Liver failure is severe deterioration of liver function. Liver failure occurs when a large portion of the liver is damaged due to any type of liver disorder. Symptoms may include:
- Tendency to bruise or bleed easily
- Impaired brain function
- General failing health
- Loss of appetite
Chronic Liver Disease/Cirrhosis
Cirrhosis is when scar tissue replaces healthy liver tissue. This stops the liver from working normally.
Cirrhosis is a long-term (chronic) liver disease. The damage to your liver builds up over time.
The liver is your body’s largest internal organ. It lies up under your ribs on the right side of your belly.
The liver does many important things including:
- Removes waste from the body, such as toxins and medicines
- Makes bile to help digest food
- Stores sugar that the body uses for energy
- Makes new proteins
When you have cirrhosis, scar tissue slows the flow of blood through the liver. Over time, the liver can’t work the way it should.
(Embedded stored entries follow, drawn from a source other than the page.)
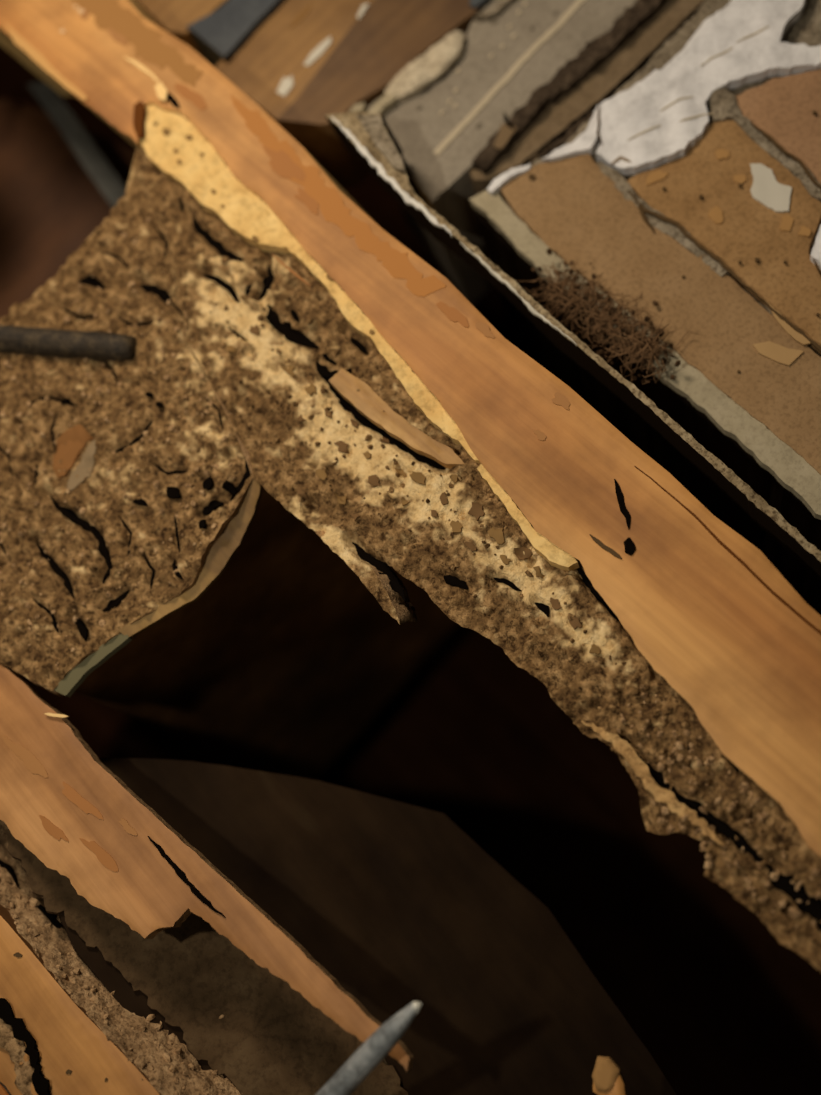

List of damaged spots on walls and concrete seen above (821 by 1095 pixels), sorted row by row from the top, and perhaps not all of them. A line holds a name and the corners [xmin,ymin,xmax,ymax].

crack [597,104,631,166]
crack [750,122,821,189]
crack [140,284,172,303]
crack [627,190,821,353]
spalling [752,301,811,366]
crack [589,466,821,634]
crack [577,566,621,623]
crack [147,836,226,918]
crack [0,998,50,1095]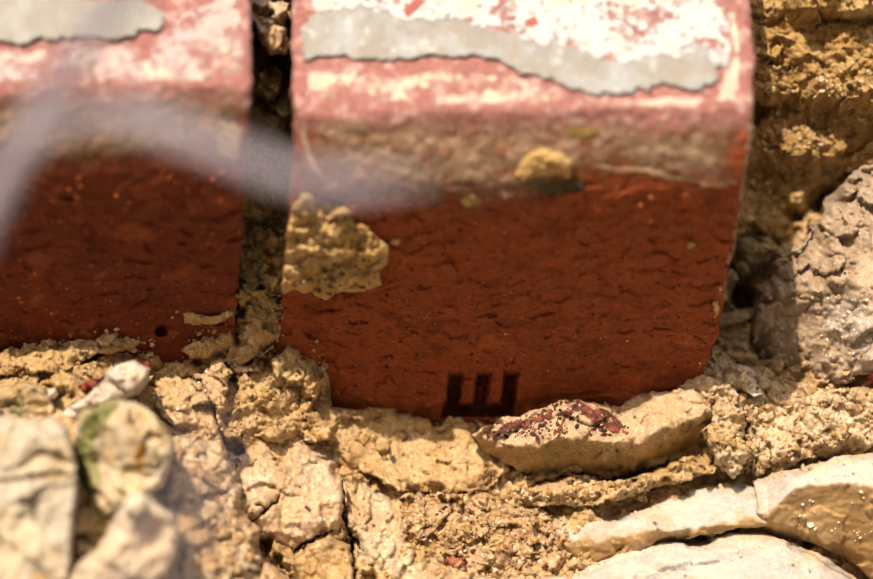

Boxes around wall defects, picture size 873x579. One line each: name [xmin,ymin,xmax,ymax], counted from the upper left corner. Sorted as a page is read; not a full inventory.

peeling [0,0,102,45]
peeling [106,0,165,41]
peeling [299,0,732,96]
spalling [37,126,178,159]
spalling [135,98,243,142]
spalling [301,118,737,202]
crack [251,496,280,524]
crack [294,484,364,579]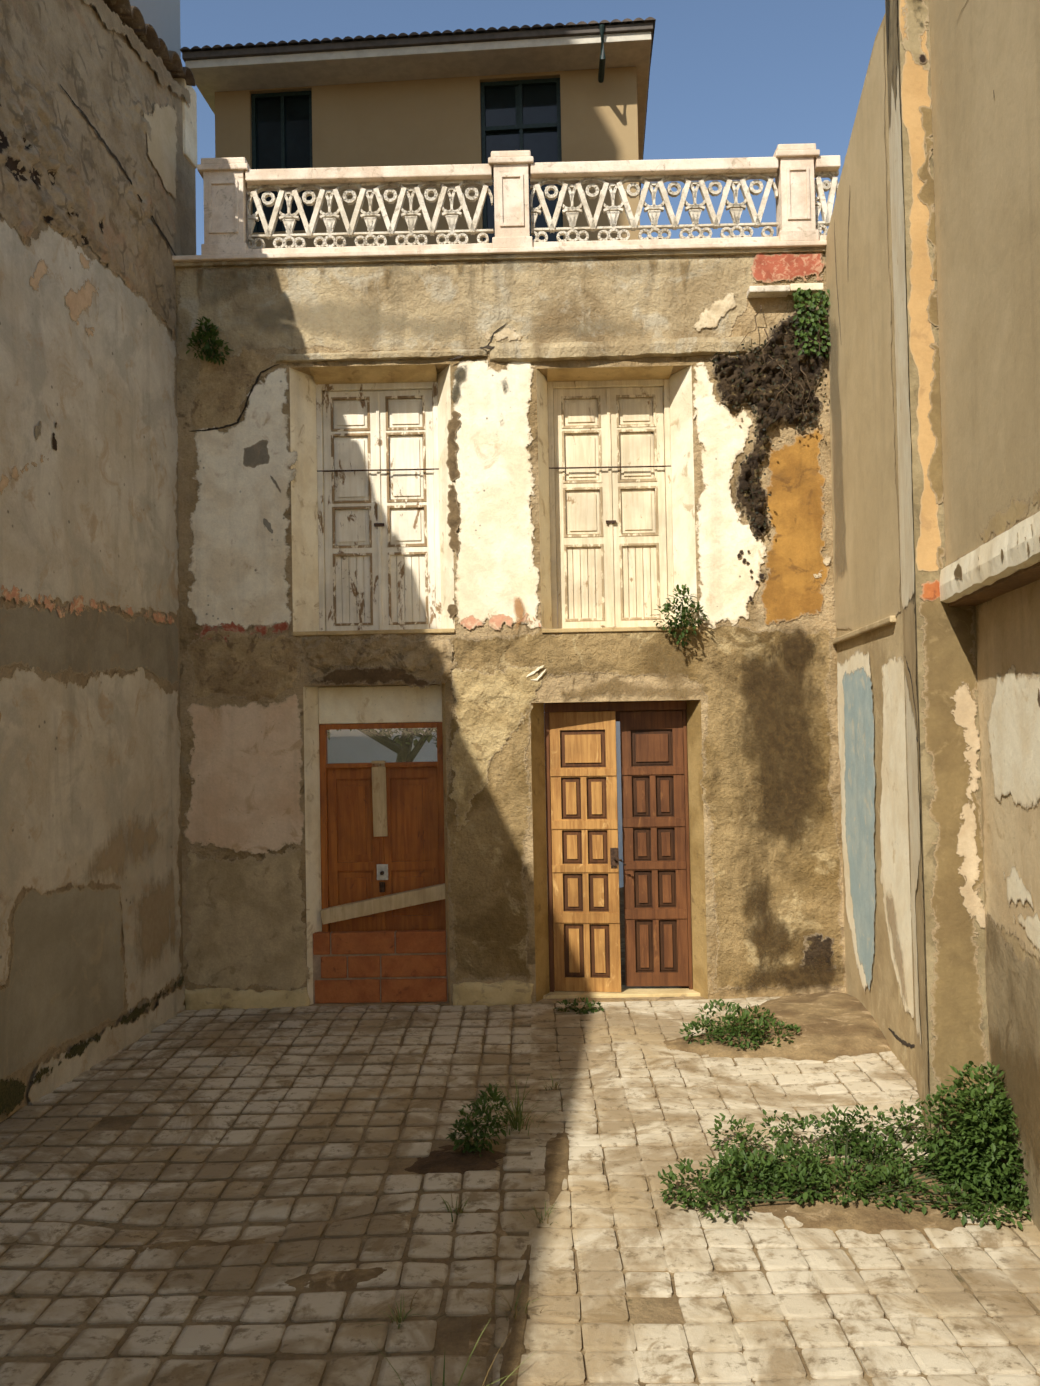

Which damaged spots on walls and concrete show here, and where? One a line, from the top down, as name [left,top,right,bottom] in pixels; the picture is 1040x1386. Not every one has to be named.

flaking render [0,0,275,432]
crack [190,364,280,432]
flaking render [243,440,281,493]
crack [450,324,506,360]
flaking render [917,106,944,504]
peeling [460,613,541,630]
flaking render [185,621,542,849]
water stain [741,628,823,845]
water stain [746,876,834,992]
flaking render [837,649,921,1045]
flaking render [950,665,1040,1081]
flaking render [995,1096,1040,1231]

In severe cases, the liver gets so badly damaged that it stops working. This is called liver failure.
What causes cirrhosis?
The most common causes of cirrhosis are:
- Hepatitis and other viruses
- Alcohol abuse
- Nonalcoholic fatty liver disease (this happens from metabolic syndrome and is caused by conditions such as obesity, high cholesterol and triglycerides, and high blood pressure)
Other less common causes of cirrhosis may include:
- Autoimmune disorders, where the body’s infection-fighting system (immune system) attacks healthy tissue
- Blocked or damaged tubes (bile ducts) that carry bile from the liver to the intestine
- Use of certain medicines
- Exposure to certain toxic chemicals
- Repeated episodes of heart failure with blood buildup in the liver
- Parasite infections
Some diseases passed from parent to child (inherited diseases) may also cause cirrhosis. These may include:
- Alpha1-antitrypsin deficiency
- High blood galactose levels
- Glycogen storage diseases
- Cystic fibrosis
- Porphyria (a disorder in which certain chemicals build up in the blood)
- Hereditary buildup of too much copper (Wilson disease) or iron (hemochromatosis) in the body
What are the symptoms of cirrhosis?
Your symptoms may vary, depending on how severe your cirrhosis is. Mild cirrhosis may not cause any symptoms at all.
Symptoms may include:
- Fluid buildup in the belly (ascites)
- Vomiting blood, often from bleeding in the blood vessels in the food pipe (esophagus)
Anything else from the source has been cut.